Leaf Chl Retrieval Using Spectral Bands Versus Vegetation Indices
Feature transformation is a critical task in any machine learning framework, especially when involving datasets comprising of hundreds of variables. This aspect should be carefully reviewed by evaluating the types of variables that are part of the dataset and exploring possible transformations and reductions to optimize the model performance (Guyon and Elisseeff, 2003). In this study, three elements can be highlighted regarding evaluating VIs as transformed variables out of reflectance spectral bands. First, using VIs slightly improves the goodness-of-fit and prediction accuracy of different types of ML models. Second, the VI predictors approach provide an alternative way to use spectral variables without affecting the capturing of temporal dynamics. Third, hyperspectral VI predictors add specific biophysical background to the training knowledge, hence enriching model interpretability.
Few studies in the literature have explored retrieving SPAD-based Chl levels using VI predictors derived from hyperspectral datasets. For example, linear regressions (Qi et al., 2020), random forest (Shah et al., 2019), or Cubist (Houborg and McCabe, 2018) have been combined with different types of VIs, reaching more accurate results than using spectral bands, which has also been achieved in this study. Although higher R2 scores were reached when using all bands as predictors than the 145 selected bands (i.e., all except for the PLSR model). In terms of accuracy, higher accuracies (i.e., up to 3 SPAD units below) were reported when using the VI features.
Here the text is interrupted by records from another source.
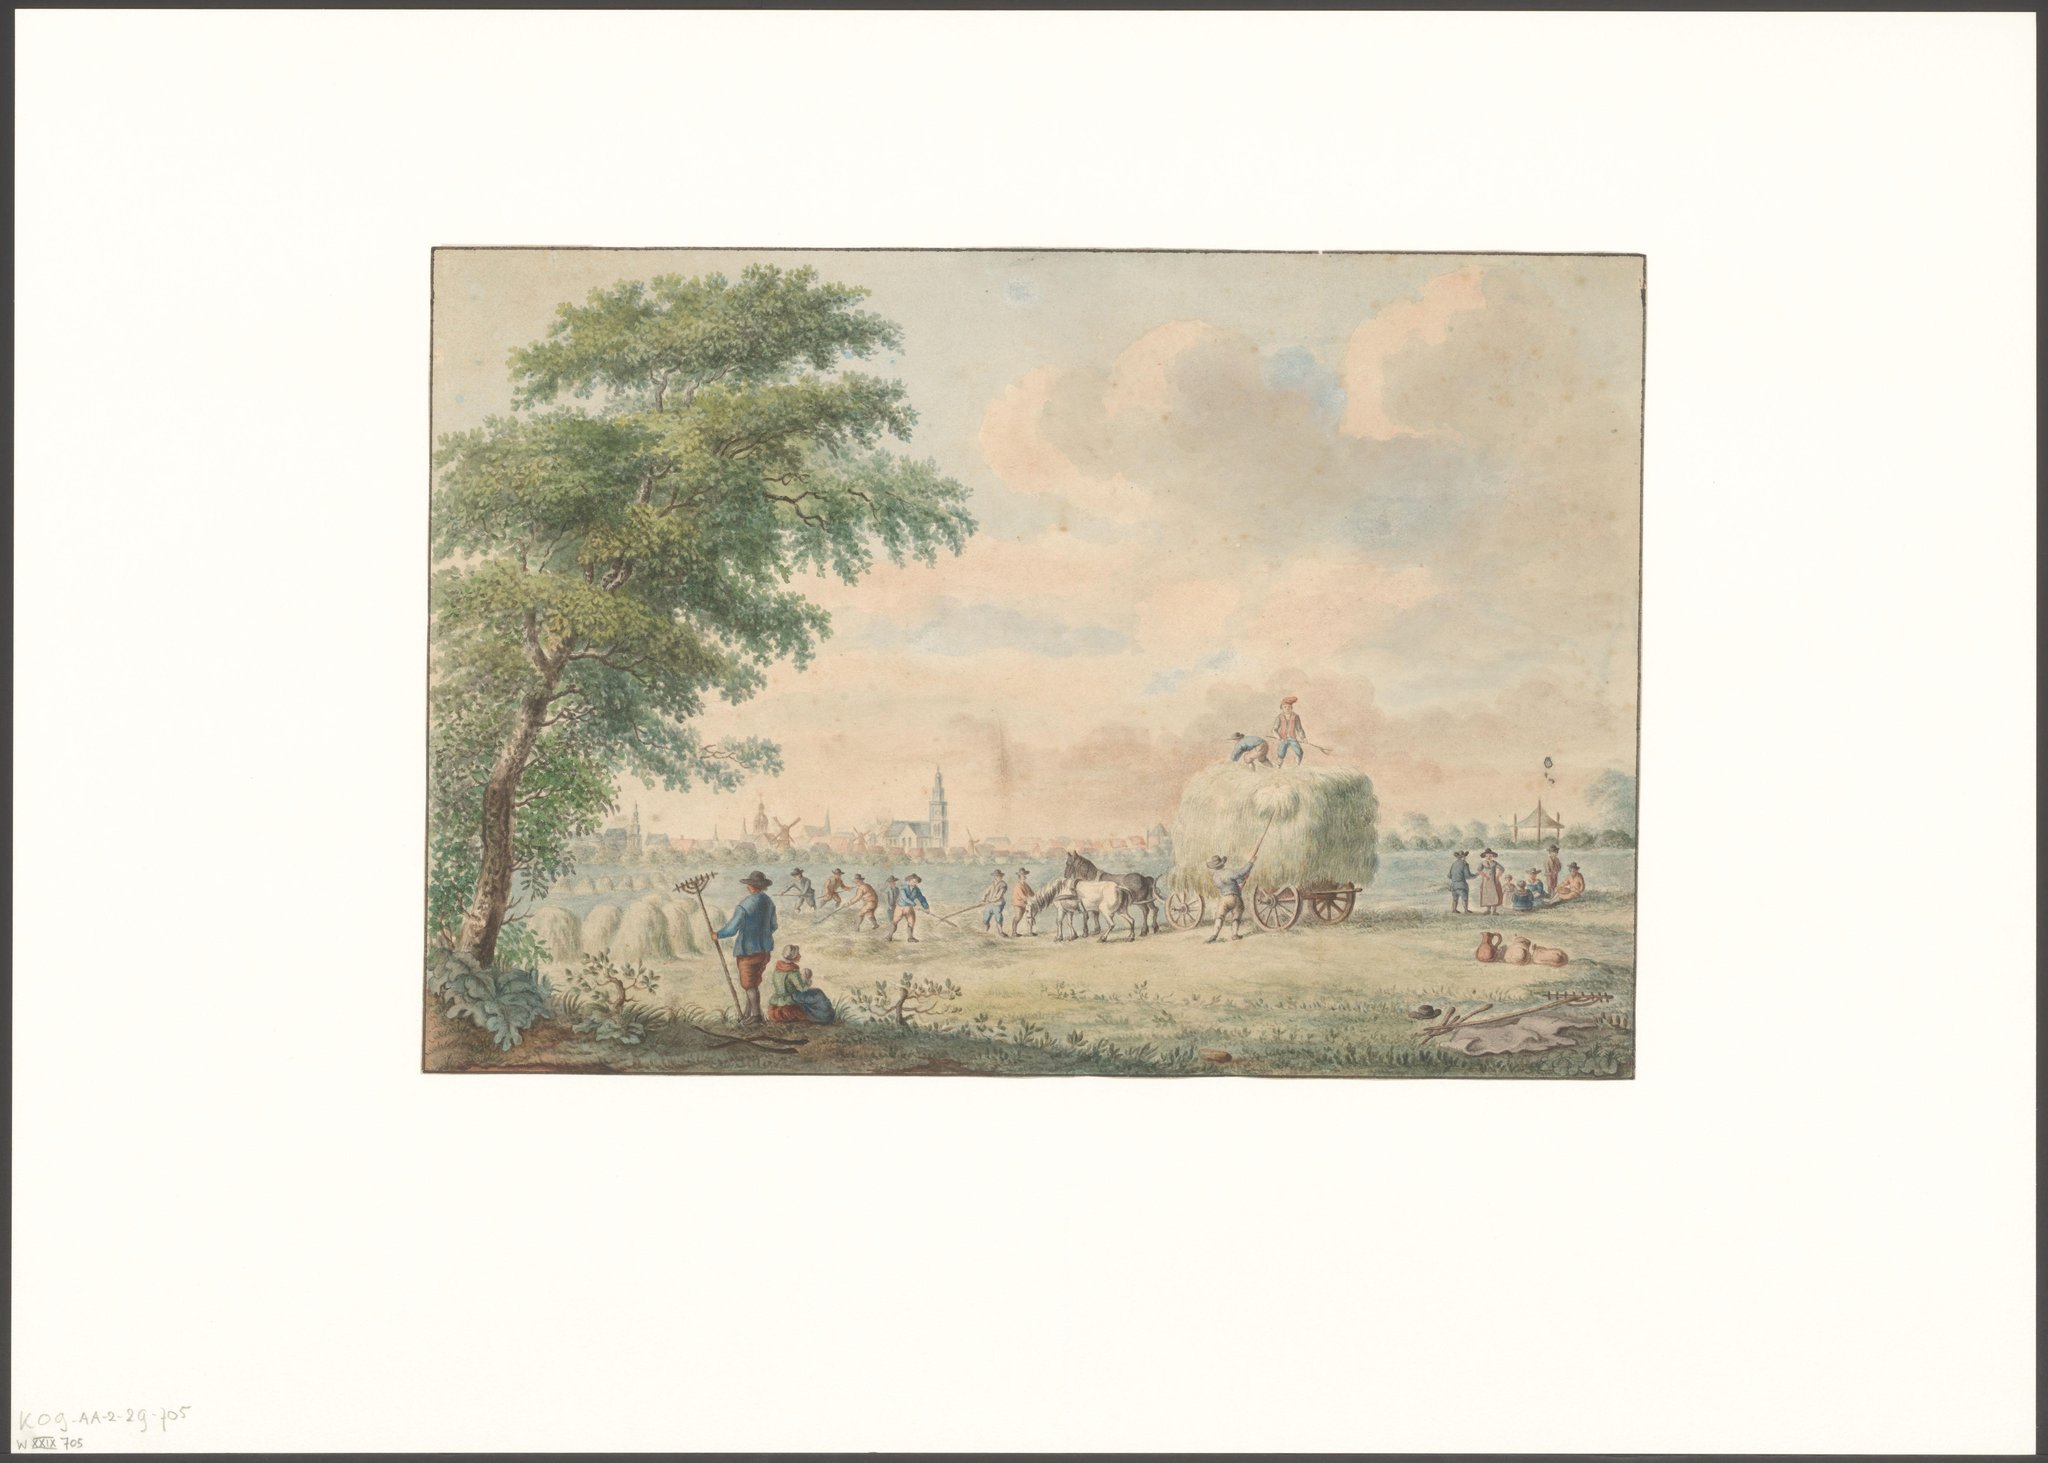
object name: drawing
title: Gezicht op hooiende boeren buiten Amsterdam
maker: Anonymous
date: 1750-1850
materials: paper, pencil, watercolor
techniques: brush, pen
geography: amsterdam
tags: city-view in general; 'veduta', farmers, gleaning, amsterdam
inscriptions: collector's mark: Lugt 800a
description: Tekening binnen de Atlas Van Eck ingedeeld op wijknummer 29.

Indeed, these results follow what has been suggested in other studies regarding the low (or no) impact of the number of variables in the accuracy estimates, but rather the importance of identifying the marginal effect of the explanatory variables in the dependent variable (Alin, 2010).
Dimensional reduction can be made via pruning spectral bands or transforming them into new variables related to plant biochemical traits (as is done herein). (Feilhauer et al., 2015) pruned bands based on regression coefficients (R2) and metrics that measure band importance, managing to reduce predictors to dozens of Chl absorption channels within the range of 500–750 nm. The same spectral region was fully covered in our study by 15 derivative and continuum-removal based VIs that also inform on Chl content. If we apply this pruning approach to our dataset, it would require approximately 110 bands (Figure 2) to train the models, which is still a large number compared to the available observations (i.e., three samples per plant and 36 plants, for a total of about 108 samples per campaign), leading to the question: what is the impact of not having much larger samples than predictors? A clear example of the impact is evident in the performance of the multivariate linear regression approach presented in this study (“Multiple Model Regression Assessment” and “Multiple Model SPAD Predictions”). When observations do not sufficiently exceed the number of predictors, the least square cost function may overfit the training set, consequently producing poor retrievals. While the other algorithms can cope with this dimensionality issue, a lower-dimensional dataset is desired to improve the computational efficiency of the workflow, and thus feature transformation is a suitable alternative to follow.
Rivera-Caicedo et al. (2017) have investigated dimensionality reduction approaches such as principal components transformation and partial least squares (PLSR), among others. Although some of their trials led to better-fitted models than using all bands, only slight improvements were achieved in terms of accuracy. Similar results were reached in our study when comparing the different ML methods against PLSR (Supplementary Table 2; Figure 6). PLSR reached the best fitting and accuracy scores under the sequential strategy by using band predictors; however, it was exceeded by the random forest and GPR models when using the VIs features under the retraining strategy. Multicollinearity causes this performance by increasing the vulnerability of the predictor weights to vary whenever there is a small change in data, resulting in unstable model performances. Based on the ML algorithm designs (i.e., their mathematical formulations), some are inherently able to handle multicollinearity better than others. For instance, random forest deals well with large dimensional problems due to its pruning strategy, which uses bootstrapping and feature sampling to pick different sets of data and features, and estimate relative importance while training each tree (Supplementary Material; Figure 10B). Alternatively, GPR kernels are coupled with a length scale parameter that measures how strong is each predictor variable in a model (Supplementary Material; Figure 10C). It was possible to perform a comparative analysis through such feature engineering methods to account for coincident relevant variables identified under each approach (Figure 10A). However, although few VIs and spectral ranges were classified as relevant by all three methods, results could still be affected by multicollinearity, especially when features reach similar scores, leading to difficulties in ranking their importance. Developing reduction and transformation dimensionality approaches for hyperspectral data remains a challenge (Thenkabail and Lyon, 2012). As such, new ways to construct alternative prediction variables require continued investigation.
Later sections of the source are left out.